A par do processo de certificação já em curso, esta candidatura pretende dar mais um passo no delinear do percurso futuro desta arte tradicional, contribuindo para a sua consolidação e desenvolvimento e para a promoção e reconhecimento das suas artesãs/bordadeiras.
A ação insere-se na estratégia do Município de Barcelos de valorização das artes e ofícios tradicionais e na sua preservação, enquanto argumentos de diferenciação do território como espaço criativo, com notoriedade em termos da Rede Mundial das Cidades Criativas da UNESCO. A iniciativa visa continuar a afirmação das artes e ofícios tradicionais da comunidade criativa barcelense como contributos para o desenvolvimento económico-social sustentável.
Por outro lado, esta candidatura inicia um ciclo de valorização do património imaterial concelhio que o Município quer ver inscrito no inventário nacional do PCI, caso das produções do figurado e da olaria, e das manifestações de culto, nomeadamente a Festa das Cruzes.

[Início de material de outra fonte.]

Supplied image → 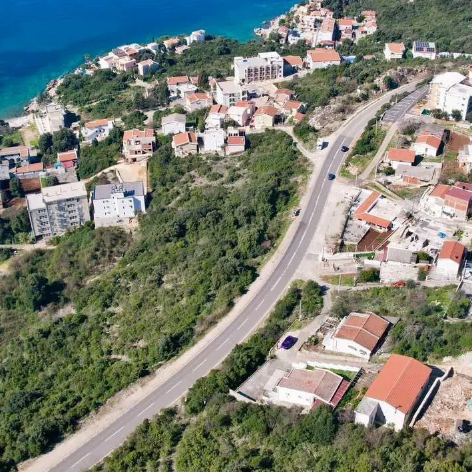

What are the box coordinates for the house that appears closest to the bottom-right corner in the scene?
[355,355,430,432]
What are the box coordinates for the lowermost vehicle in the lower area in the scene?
[279,335,297,350]
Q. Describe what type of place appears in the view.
residential area

A candidatura da Arte do Bordado de Linho a Património Cultural Imaterial tem o apoio do programa EEC PROVERE MINHO Inovação, Touring Cultural (Identidade Cultural do Minho), no contexto das ações de desenvolvimento para classificação do património cultural imaterial do Minho.
Recorde-se que o Bordado de Crivo de São Miguel é a mais recente produção certificada no concelho de Barcelos – a terceira depois da Olaria e do Figurado.

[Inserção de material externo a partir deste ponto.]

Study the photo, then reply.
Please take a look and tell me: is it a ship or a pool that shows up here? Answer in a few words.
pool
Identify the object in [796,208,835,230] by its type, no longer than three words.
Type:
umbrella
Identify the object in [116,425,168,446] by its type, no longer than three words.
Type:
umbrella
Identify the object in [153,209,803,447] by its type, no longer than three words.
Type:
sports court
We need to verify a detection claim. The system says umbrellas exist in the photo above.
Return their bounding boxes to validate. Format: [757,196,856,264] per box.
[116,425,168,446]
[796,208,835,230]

Esta ação de comunicação é financiada pelo POAT – Programa Operacional de Assistência Técnica.
Contextualização*
“O bordado de crivo é um bordado a branco, cuja particularidade está na leveza que adquire, devido ao facto de se desfiar grande parte do linho de base, formando uma teia aberta, sobre o qual se bordam os motivos, e do qual surgem peças de grande e rara beleza. (…)
Os Bordados de Crivo são, hoje, um extraordinário exemplo da singularidade de uma arte que apesar de nunca ter tido função utilitária, constituía e constitui, uma forma de enriquecer os têxteis e indumentárias que de simples e singelos adquirem um requinte invulgar.

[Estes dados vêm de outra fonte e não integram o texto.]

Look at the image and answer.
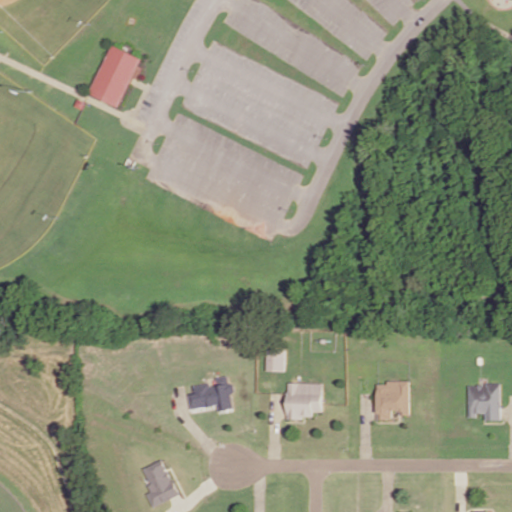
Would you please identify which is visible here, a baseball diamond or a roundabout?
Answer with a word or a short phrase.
baseball diamond
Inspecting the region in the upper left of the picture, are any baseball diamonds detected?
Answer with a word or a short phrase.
Yes
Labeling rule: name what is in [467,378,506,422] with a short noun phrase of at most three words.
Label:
house
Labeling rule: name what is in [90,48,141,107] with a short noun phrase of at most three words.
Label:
building
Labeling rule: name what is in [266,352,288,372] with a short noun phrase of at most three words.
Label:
shed
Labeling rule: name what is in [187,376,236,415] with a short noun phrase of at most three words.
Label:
house
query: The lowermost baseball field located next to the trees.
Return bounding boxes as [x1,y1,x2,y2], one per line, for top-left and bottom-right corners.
[0,72,96,268]
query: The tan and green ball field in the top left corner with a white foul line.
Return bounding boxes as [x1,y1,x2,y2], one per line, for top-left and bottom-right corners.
[0,0,109,67]

O linho que está na base das criações deste tipo de bordado é uma produção antiquíssima nas sociedades tradicionais do Portugal rural. De notar que em plena Idade Média, o linho aparecia já documentado como uma das principais atividades produtivas no Norte de Portugal.
É a indústria caseira mais característica do Minho. Por toda a parte e em quase todas as regiões da província é a ocupação feminina mais popular e mais generalizada. O trabalho efetua-se numa roca que as mulheres põem à cinta; fiam assentadas de pé ou andando; e dão a este trabalho quer a maior parte do tempo em certas estações, quer durante todo o ano as horas que lhe ficam vagas doutros serviços.
Em Barcelos, é na região sudeste do concelho, área fortemente marcada pela ruralidade e com um passado ligado à produção de linho, que se encontram ainda muito enraizados os Bordados de Crivo, certamente por herança de gerações e gerações de famílias, especialmente da freguesia de São Miguel da Carreira, mas também de outras freguesias vizinhas como Couto Cambeses, Moure, Fonte Coberta e Sequeade. (…)
A mais antiga referência a esta produção na freguesia da Carreira data de 1886 e corporiza-se numa toalha da autoria da bordadeira Ermelinda da Silva Leitão, que faleceu com 68 anos, a 11 de Novembro de 1929 nesta freguesia. Esta peça, atualmente com mais de 130 anos, foi legada a uma sobrinha da referida bordadeira e é um extraordinário exemplo da antiguidade desta produção na freguesia de São Miguel da Carreira. (…)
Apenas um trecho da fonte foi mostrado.